PROBLEM TO SOLVE: Of the records that follow, copy only the lines from the line containing "Task: Select the" to the line containing "This screenshot has width=953, height=1232.", both included, exactly as written.

:: DATA TO EXAMINE

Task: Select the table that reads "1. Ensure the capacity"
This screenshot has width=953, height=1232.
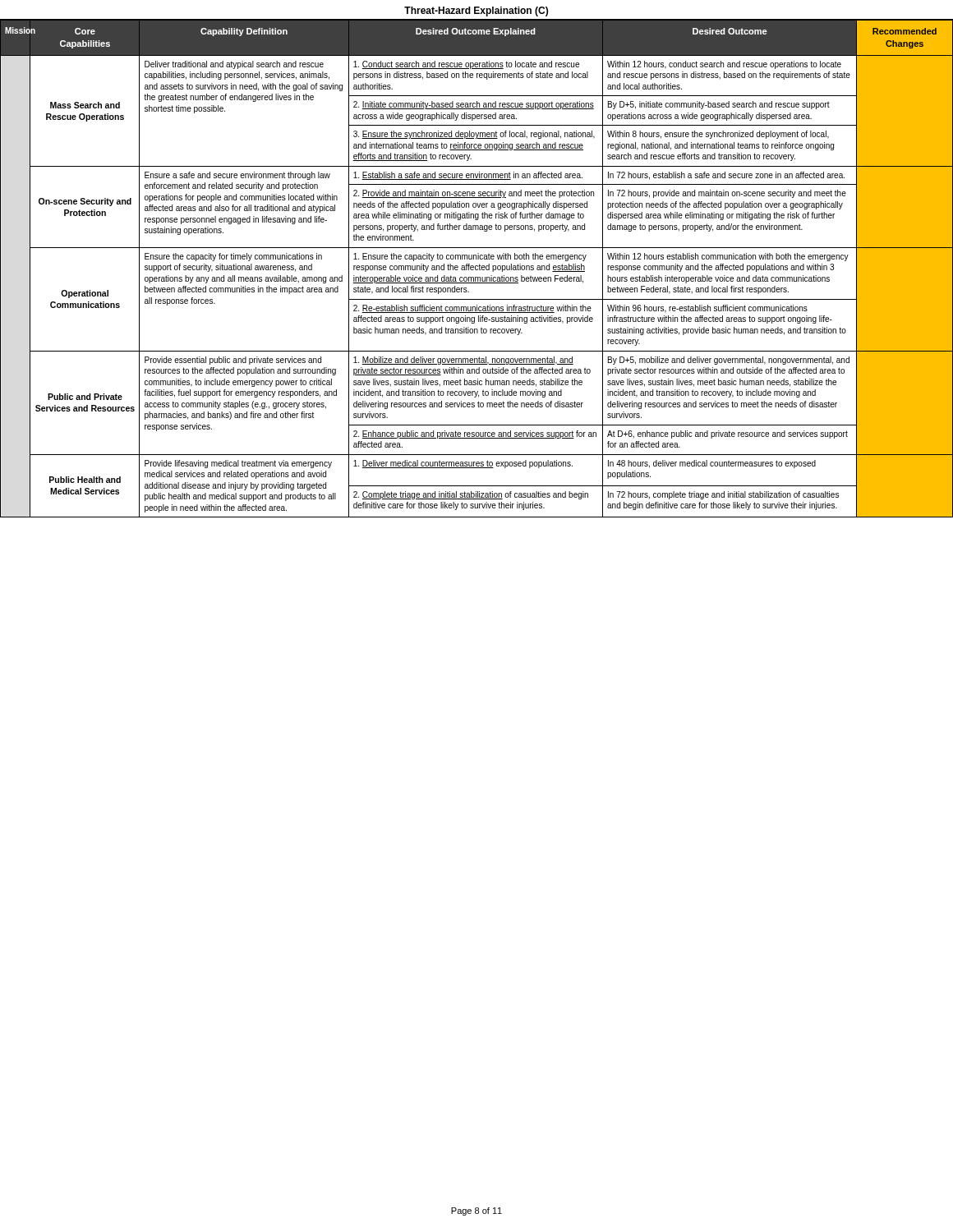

::::
:: DATA TO EXAMINE

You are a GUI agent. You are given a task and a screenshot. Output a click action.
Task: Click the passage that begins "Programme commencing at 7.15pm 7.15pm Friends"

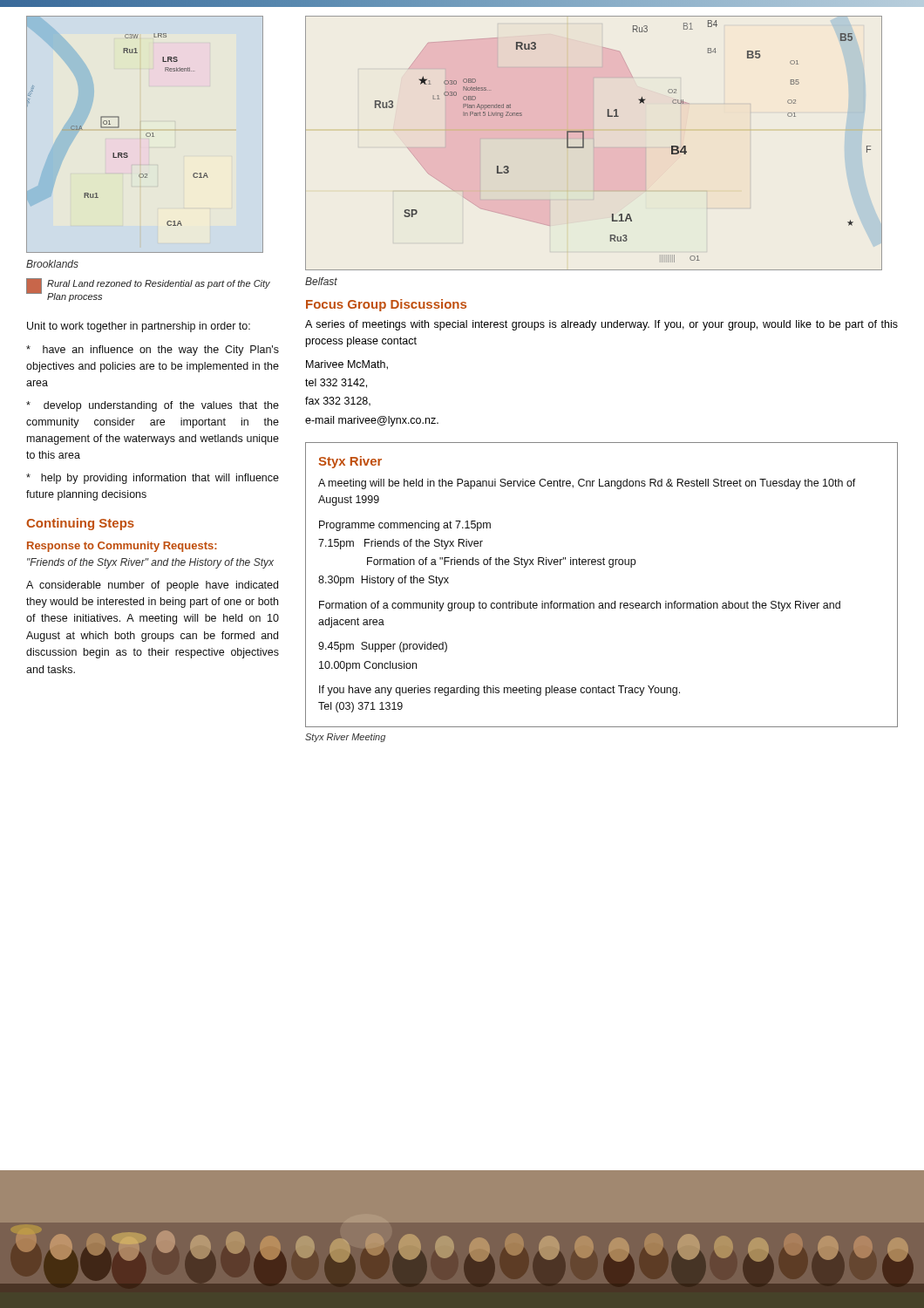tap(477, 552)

::::
:: DATA TO EXAMINE

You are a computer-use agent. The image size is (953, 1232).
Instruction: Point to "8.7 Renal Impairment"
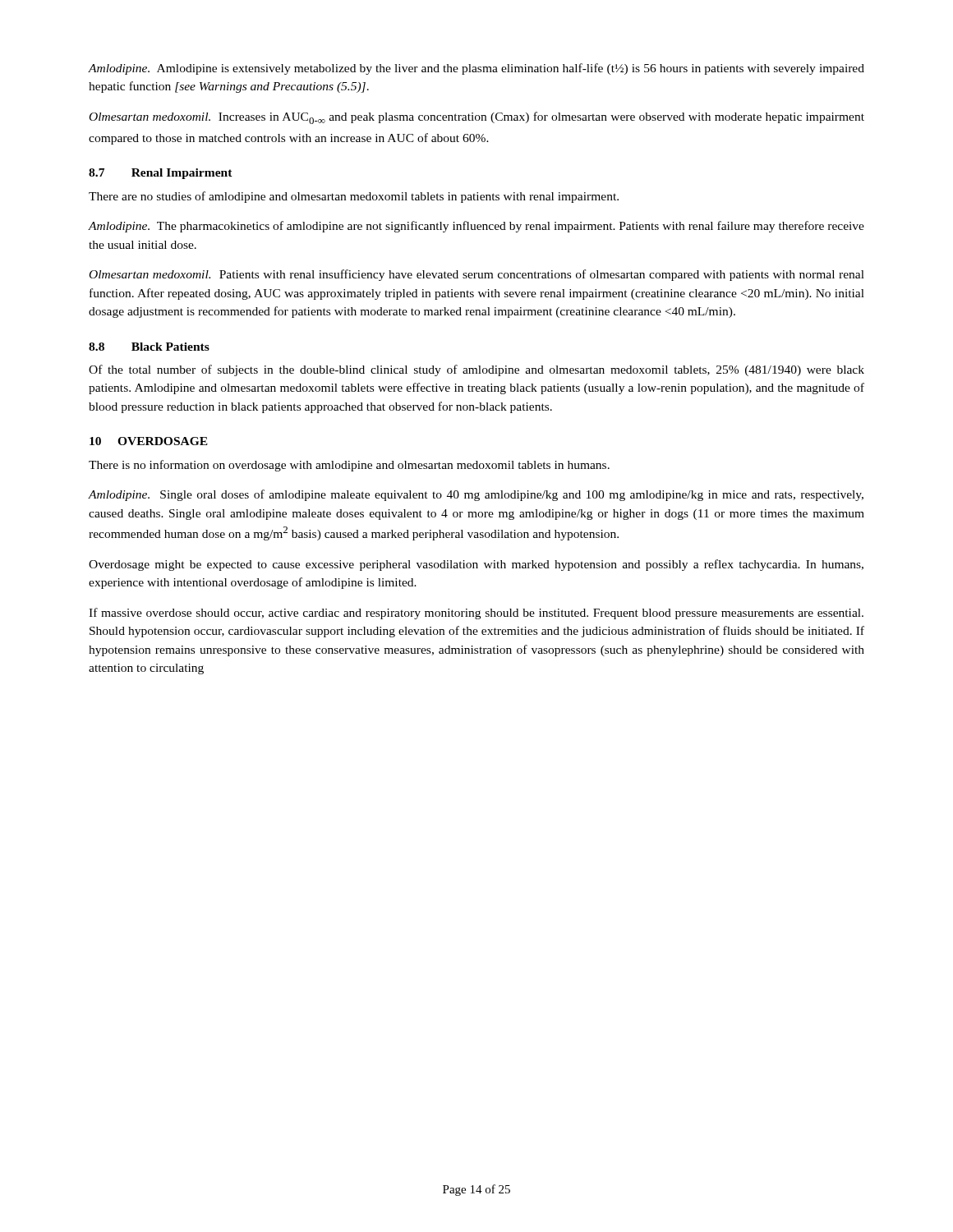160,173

::::

SOLUTION FOR THIS EXERCISE:
Task: Select the table that reads "1. Ensure the capacity"
This screenshot has width=953, height=1232.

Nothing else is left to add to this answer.